第一卷:黑水卒 1-30章 .绝处窃生. 第九章 黑水泽 (第2/2页)
“啊!”
一声凄厉的、仿佛来自灵魂深处的尖叫在他脑海中炸开!
不是声音,是“感觉”。一股庞大的、混乱的、夹杂着无尽怨恨与不甘的记忆碎片,如决堤的洪水般冲进他的意识。
他看见一个穿着华美衣裙的女子,站在一座高楼的窗前,眺望着远方的群山。她的侧脸很美,但眼中满是忧郁。
“小姐,该服药了。”侍女端来药碗。
女子接过,一饮而尽,然后继续望着窗外:“他……还没回来吗?”
“姑爷他……前线战事吃紧,怕是……”
“三年了。”女子低声说,“说好三年就回来接我的。”
画面破碎,重组。
他看见战火,看见尸体,看见那个女子跪在一个衣衫褴褛的士兵面前,颤抖着手接过一枚染血的戒指。
“姑爷他……战死了。这是他的遗物,说是……留给小姐的。”
女子没哭。她只是接过戒指,看了很久,然后戴在手上。
“知道了。”她说,声音平静得可怕。
又一副画面。
女子坐在梳妆台前,对镜梳妆。她打扮得很美,比出嫁那天还美。然后她起身,走到窗边,推开窗。
楼下是街道,人来人往。
她低头,看着手上的戒指,轻轻吻了吻那块红石。
“等我。”她说。
然后纵身一跃。
“不——!”
苏砚猛地抽回手,戒指“当啷”一声掉在泥里。他大口喘息,冷汗浸透了单薄的衣衫,心脏狂跳,几乎要冲破胸膛。
往生种在疯狂跳动,像饿了三天的野兽看见了血肉盛宴。
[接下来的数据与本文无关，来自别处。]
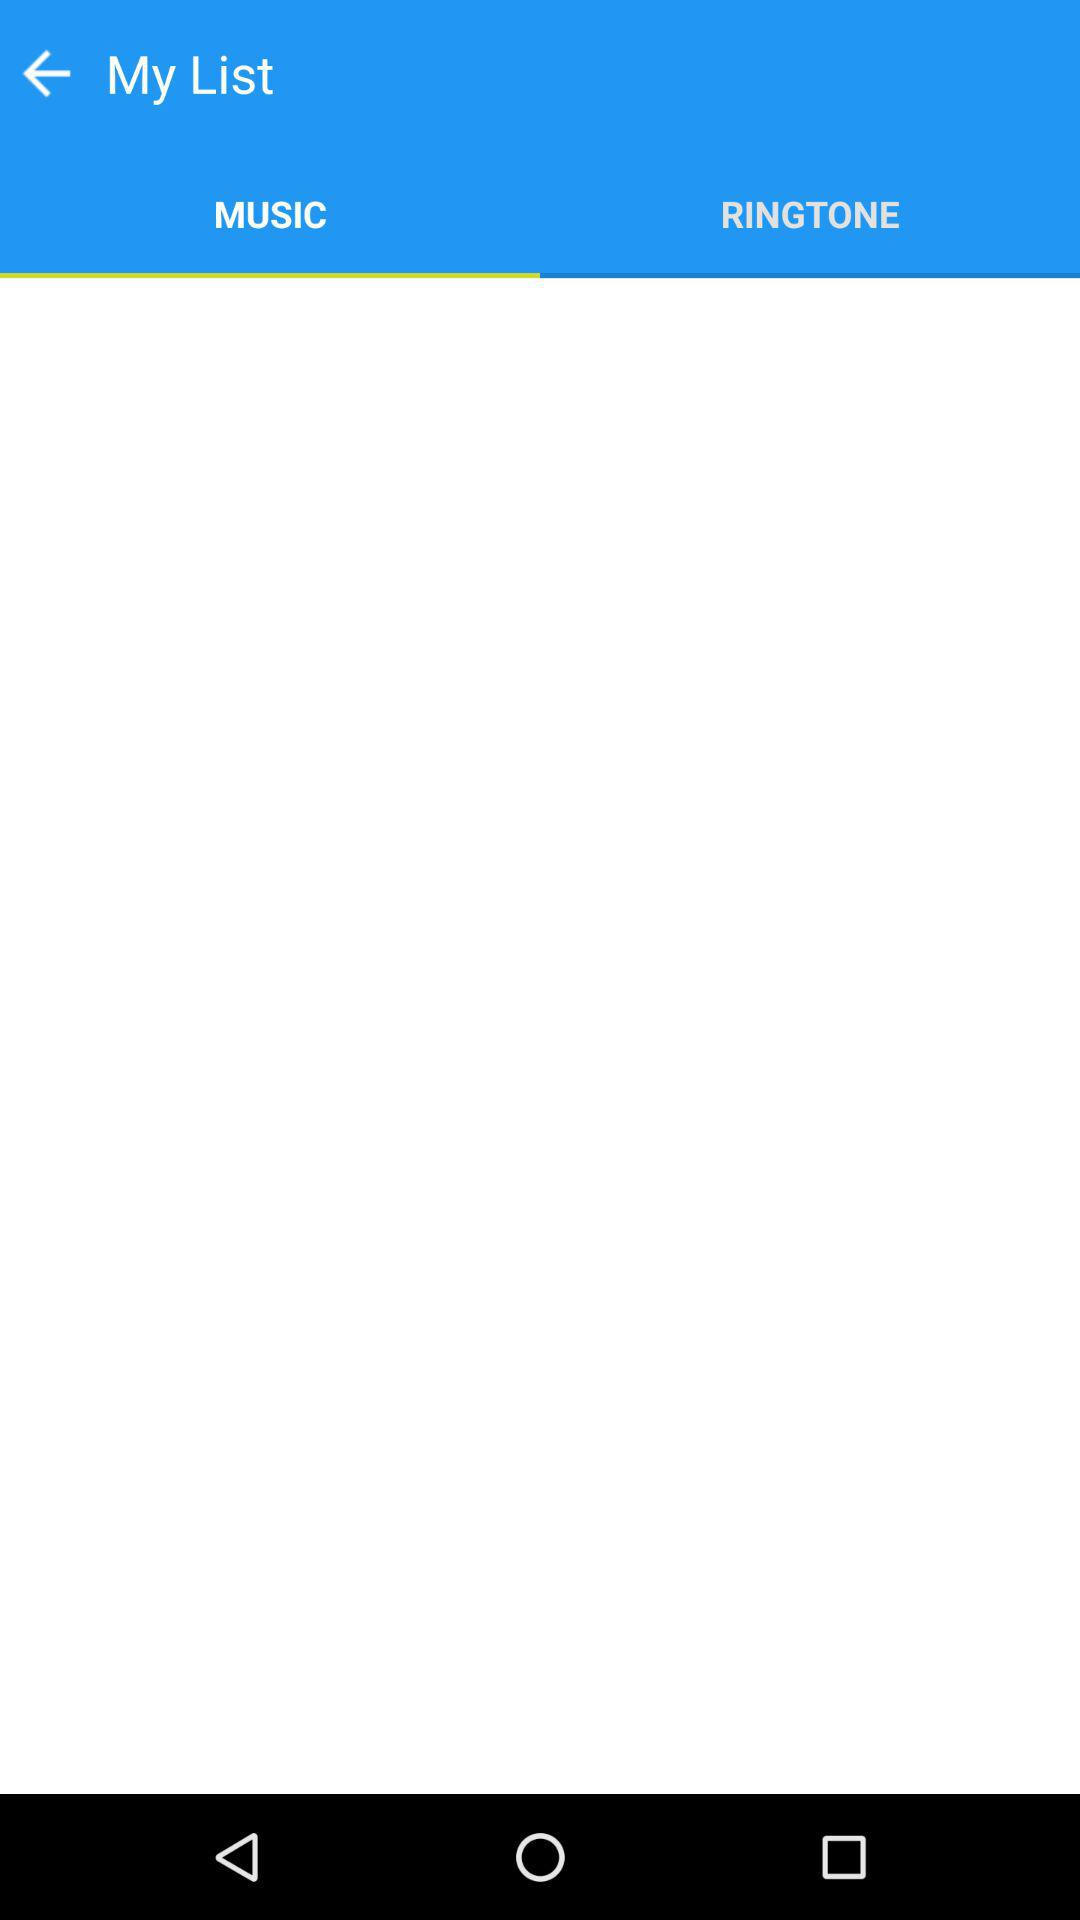Which tab is selected? The selected tab is "MUSIC". 
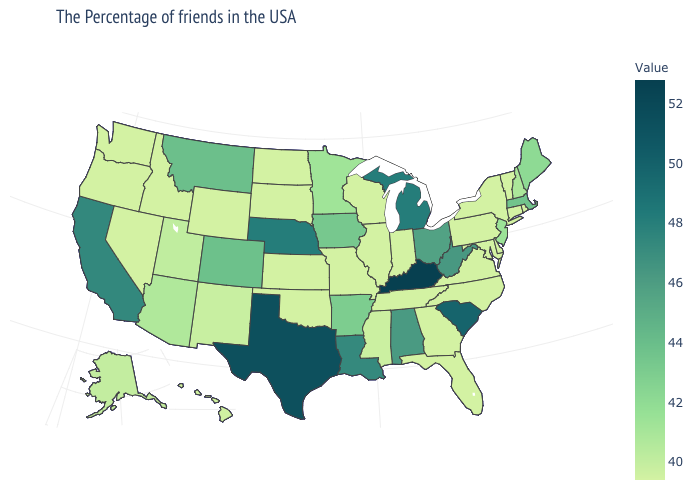Does the map have missing data?
Give a very brief answer. No. Does Indiana have the lowest value in the USA?
Quick response, please. Yes. Which states have the lowest value in the Northeast?
Keep it brief. Rhode Island, Vermont, Connecticut, New York, Pennsylvania. Which states have the lowest value in the USA?
Quick response, please. Rhode Island, Vermont, Connecticut, New York, Delaware, Maryland, Pennsylvania, Virginia, North Carolina, Florida, Georgia, Indiana, Tennessee, Wisconsin, Illinois, Missouri, Kansas, Oklahoma, South Dakota, North Dakota, Wyoming, Idaho, Nevada, Washington, Oregon.

那些涌入他脑海的怨气、记忆、执念,正被它贪婪地吞噬、消化、吸收。
“这是……”苏砚盯着泥里那枚戒指,眼中满是惊悸。
记忆碎片里的女子,他认出来了。
不是脸,是那身衣服——虽然只是惊鸿一瞥,但那衣裙的样式、纹路,他曾在爹收藏的一本残破古籍里见过。那是三百年前,大周王朝鼎盛时期,贵族女子的服饰。
而这枚戒指……
苏砚忽然想起周先生在乱葬岗说过的话。
“三百年前,大周朝南征,三万将士于此阻击南蛮十万大军,血战七日七夜,无一人退……朝廷为彰其忠烈,本欲立庙祭祀,却因朝堂党争,此事不了了之。”
三万将士。
其中有多少人,家里有妻儿在等?
这枚戒指的主人,那个战死沙场的“姑爷”,他的妻子等到最后,只等到一枚染血的戒指。然后她戴上它,从高楼跃下。
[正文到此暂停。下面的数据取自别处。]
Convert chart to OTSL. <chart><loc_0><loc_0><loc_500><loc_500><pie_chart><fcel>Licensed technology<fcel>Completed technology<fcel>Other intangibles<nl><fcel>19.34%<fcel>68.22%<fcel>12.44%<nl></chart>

她的怨,她的执,她的不甘,随着这枚戒指沉入沼泽,在这里浸泡了三百年。
苏砚缓缓弯腰,重新捡起戒指。
这一次,他有准备了。他将意识沉入心口,用本心种那点微弱的温暖包裹住自己,然后才去“触摸”戒指里的记忆。
更多的碎片涌来。
不只是那个女子的,还有无数零散的、破碎的、属于不同人的记忆片段:士兵冲锋时的怒吼,战马倒地的悲鸣,刀剑入肉的闷响,还有临死前对远方亲人的最后思念……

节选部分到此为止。